I'm studying the Cauchy Integral Theorem / Formula, but realised I have a misunderstanding.
Consider an integral over the function $f: \mathbb{R} \to \mathbb{C}$ $$ I = \int^\infty_{-\infty} f(x) \, dx = \int^\infty_{-\infty} \frac{e^{ix}}{x^2 + 1} \, dx \quad. $$
This can be considered in the complex plane, where $f(z)$ is holomorphic except at its two poles at $z = \pm i$. Choosing to consider the positive case, we therefore factorise as
$$ I = \int_C \frac{\frac{e^{iz}}{z+i}}{z-i} \, dz = 2\pi i \frac{e^{-1}}{2i} =\pi e^{-1} \quad , $$
where the contour $C = C_R + C_+$ is taken anticlockwise, $C_R$ is the real axis between $\pm R$ and $C_+$ is the positive semicircle in the complex plane with $\left|z\right| = R$. It's clear from inspection that $C_+$ does not contribute to the path integral if we let $R \to \infty$, so we can equate the integral in the complex plane to the real integral $I$.
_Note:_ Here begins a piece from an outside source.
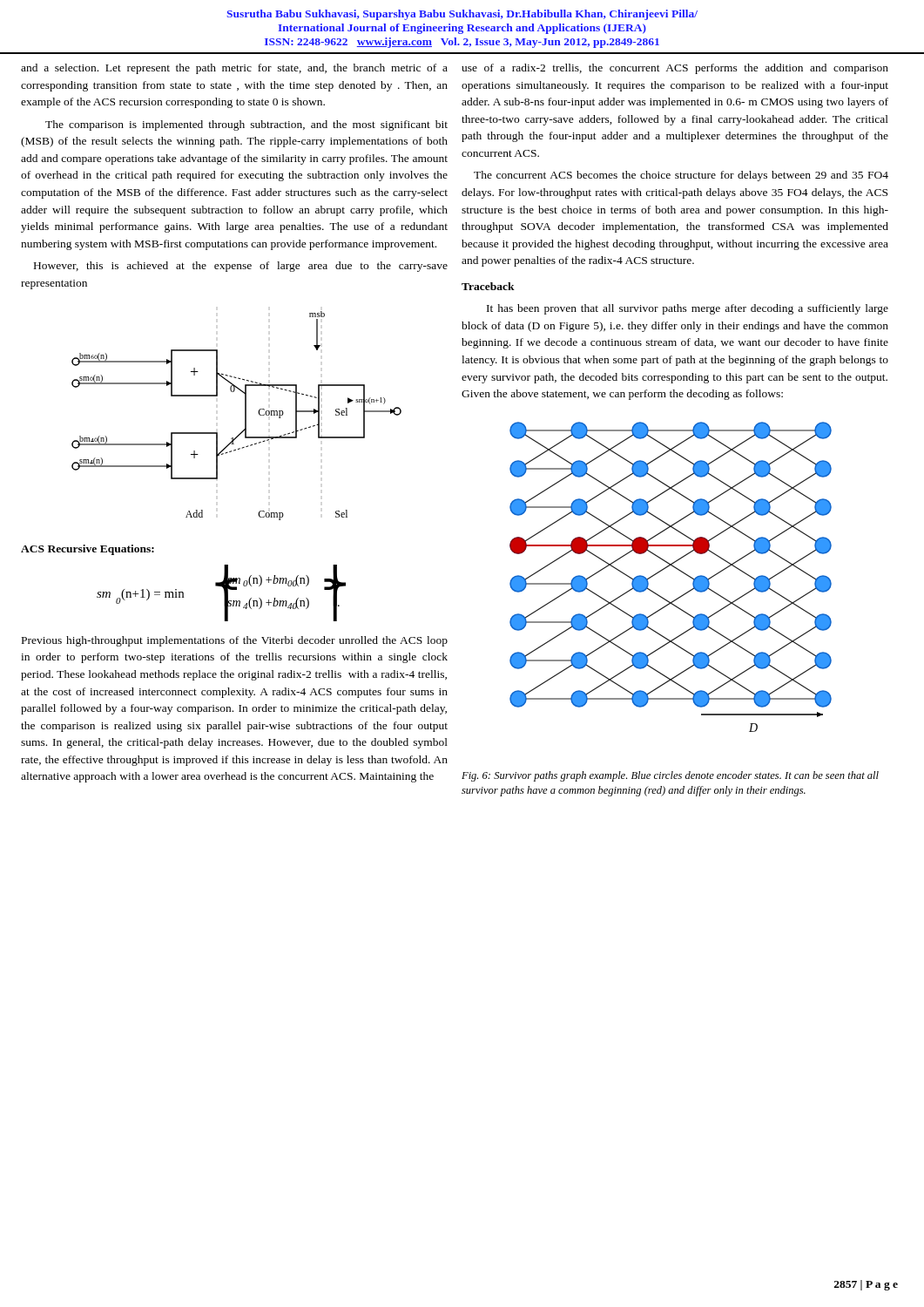The height and width of the screenshot is (1307, 924).
Task: Select the passage starting "ACS Recursive Equations:"
Action: click(x=88, y=550)

Now my question: I could equally well have chosen the negative half of the complex plane ($C'=C_R + C_-$) to evaluate my integral, negating the answer since the anticlockwise integral would otherwise calculate $\int_{\infty}^{-\infty}$. This would give
$$ I = - \int_{C'} \frac{\frac{e^{iz}}{z-i}}{z+i} \, dz = - 2\pi i \frac{e^{+1}}{-2i} =\pi e^{+1} \quad . $$
But clearly, that's different to my previous calculation. I thought these two methods should give the same answer, so what went wrong?
No, you cannot choose the the low half-plane of $\mathbb C$. If $z=x+yi$ with $y\leqslant0$, then$$\lvert e^{iz}\rvert=e^{\operatorname{Re}(-y+xi)}=e^{-\operatorname{Re}(y)}\geqslant1$$and, in fact, as $y$ goes to $-\infty$, $\lvert e^{iz}\rvert$ goes to $+\infty$. So, the integral along the negative semicircle most definitely will contribute to the path integral. You will not have this problem if you work with the highest half-plane.